Continuons à explorer le Gameplay, avec la présence du Sphérier, qui remplace tout forme d'évolution de persos vue auparavent, que ce soit Materias ou autre G-Forces. Ici, plus de points d'experiences à la fin des combats, mais des PC. Ces PC servent à augmenter votre "Niv.E" (Niveau d'Evolution), celui-ci vous permettant de vous déplacer sur le Sphérier, sorte d'immense tableau sur lequel sont disséminées de nombreuses compétences de combats (Brasier, Foudre, Emousse...), ou bien des augmentations de caractèristiques (HP, MP, Force, etc.). Et grâce à des Sphères que l'on récupère également en fin de combat, il vous est possible d'activer ces compétences ou caractèristiques. A noter que selon le type de Sphérier que l'on choisi en lancant le jeu (Normal ou Expert), on dispose de plus ou moins de liberté pour faire évoluer ses persos. Comprenez par là que le Sphérier Normal guidera le joueur vers une Yuna Mage Blanche, une Lulu Mage Noire, etc., ce qui ne sera pas le cas dans le Sphérier Expert. Voilà grossièrement présenté le système de jeu de FFX, qui reste tout de même l'un des meilleurs jamais réalisé...

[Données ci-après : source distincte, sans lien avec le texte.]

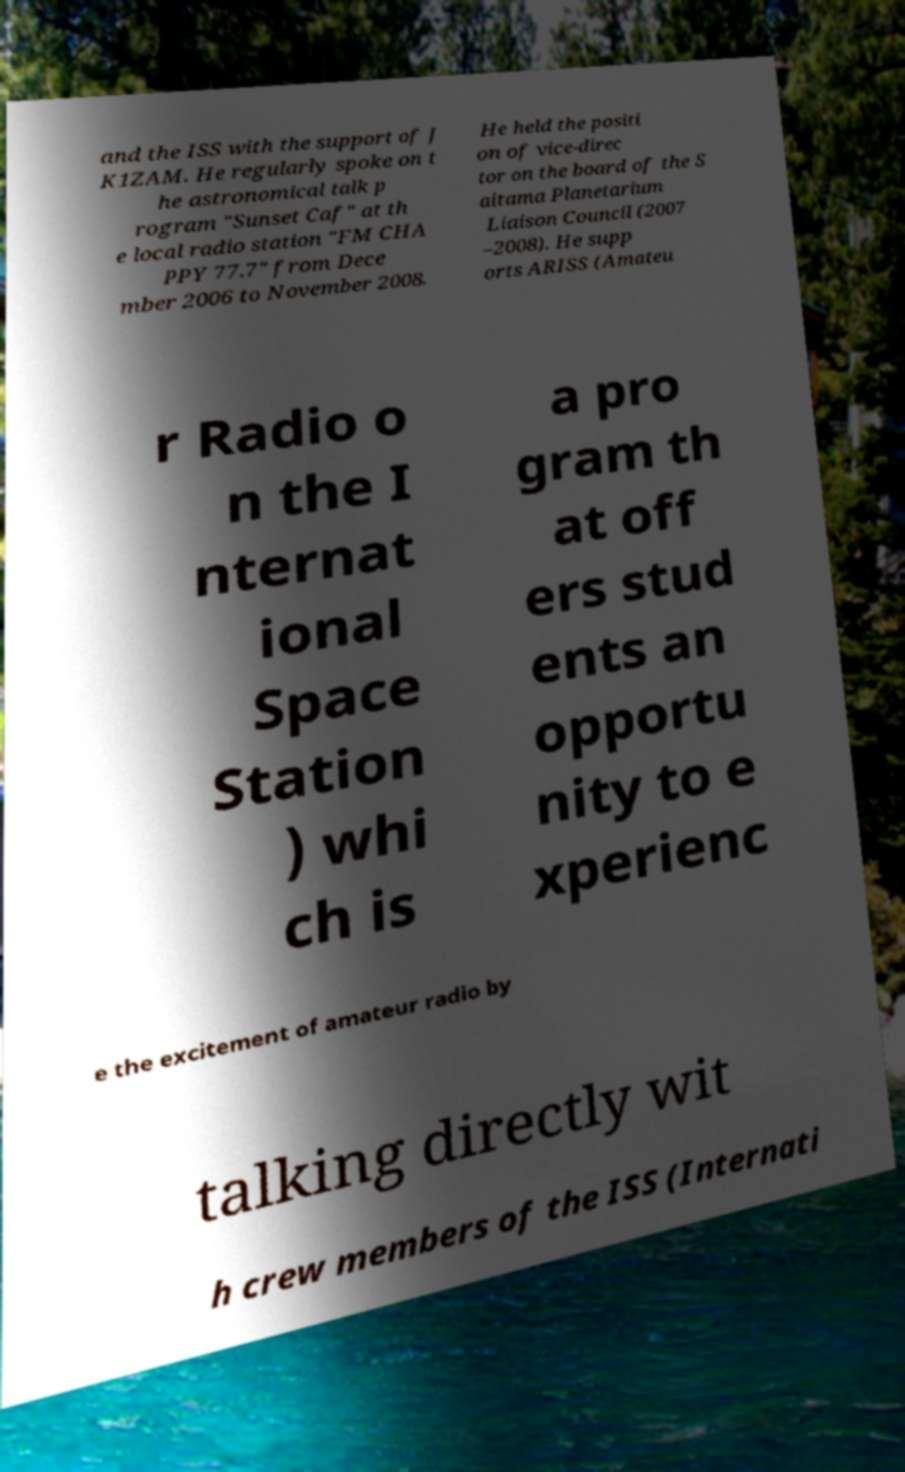What messages or text are displayed in this image? I need them in a readable, typed format. and the ISS with the support of J K1ZAM. He regularly spoke on t he astronomical talk p rogram "Sunset Caf" at th e local radio station "FM CHA PPY 77.7" from Dece mber 2006 to November 2008. He held the positi on of vice-direc tor on the board of the S aitama Planetarium Liaison Council (2007 –2008). He supp orts ARISS (Amateu r Radio o n the I nternat ional Space Station ) whi ch is a pro gram th at off ers stud ents an opportu nity to e xperienc e the excitement of amateur radio by talking directly wit h crew members of the ISS (Internati

Niveau musical, nous voilà encore face à une innovation: la présence de trois compositeurs ! Le Maître Uematsu s'est en effet entouré de deux de ses comparses de chez Square: Junya Nakano, dont j'ignorais l'existence, mais dont l'oeuvre la plus connue paraît être Threads of Fate; et puis Masashi Hamauzu, à l'origine des musiques de SaGa Frontier 2 ou encore Unlimited SaGa, plus récemment. Toujours est-il que cette alliance est de bonne augure, avec de nombreux thèmes excellents. Comme d'habitude, on retrouvent les thèmes d'ambiance, de combats (Uematsu, sauf pour les Boss, où il s'agit de Hamauzu), et puis la désormais traditionnelle "chanson". Après Eyes on Me, ou encore Melodies of Life, voilà Suteki Da Ne ("N'est-ce pas merveilleux", pour les férus de japonais), interpreté par Rikki. Une très belle chanson, qui reste d'ailleurs en japonais quelque soit la version, ce qui n'est pas plus mal. En bref, FFX dispose de très belles musiques, parfaitement adaptées au jeu, et l'on ne peut que féliciter les compositeurs pour leur alliance réussie.

Mais ce n'est pas fini du côté de la bande son, puisque pour la première fois de la série, les personnages disposent de voix digitalisées ! En effet, quasiment toutes les cut-scènes et cinématiques sont doublés, et de fort belle manière, par ailleurs, le travail des doubleurs étant très bon. De plus, les combats sont également agrémentés par les exclamations diverses des personnages. La classe. A noter que dans la version dont dispose la France, tout les doublages sont heureusement en anglais, mais intégralement sous-titrés en français. Finalement, c'est un essai réussi par Square, et comme en témoigne FFX-2, on peut esperer disposer désormais de doublages dans toutes les prochaines sorties.




Finalement, ce FFX est-il si bien que ça ? Celà dépend de vous. Certains l'adule, d'autre n'aiment pas. Les défauts ne sont pourtant pas légions. Outre la linéarité dont j'ai déjà dit deux mots un peu plus haut, ou encore le design des personnages qui peut être jugé un peu trop extravagant, on ne peut pas vraiment dire qu'il y ait à se plaindre de cet opus. A la liste de ces quelques défauts viendra éventuellement s'immiscer le 50Hrz. Encore une fois, l'Europe reste à la masse, et profite des bandes noires qui applatissent l'écran. Cependant, si vous n'avez pas la joie de connaître les autres versions, les bandes noires seront vite un oubli, tout comme la vitesse de jeu soi-disant ralentie. Donc nous voilà encore devant une petite bombe signée Square. Avec des innovations à la pelle, notamment le Sphérier et le système des combats, ce dixième opus est à essayer, puis à adopter, d'autant plus que si vous voulez profiter de FFX-2, avoir fait l'épisode précedent reste un impératif.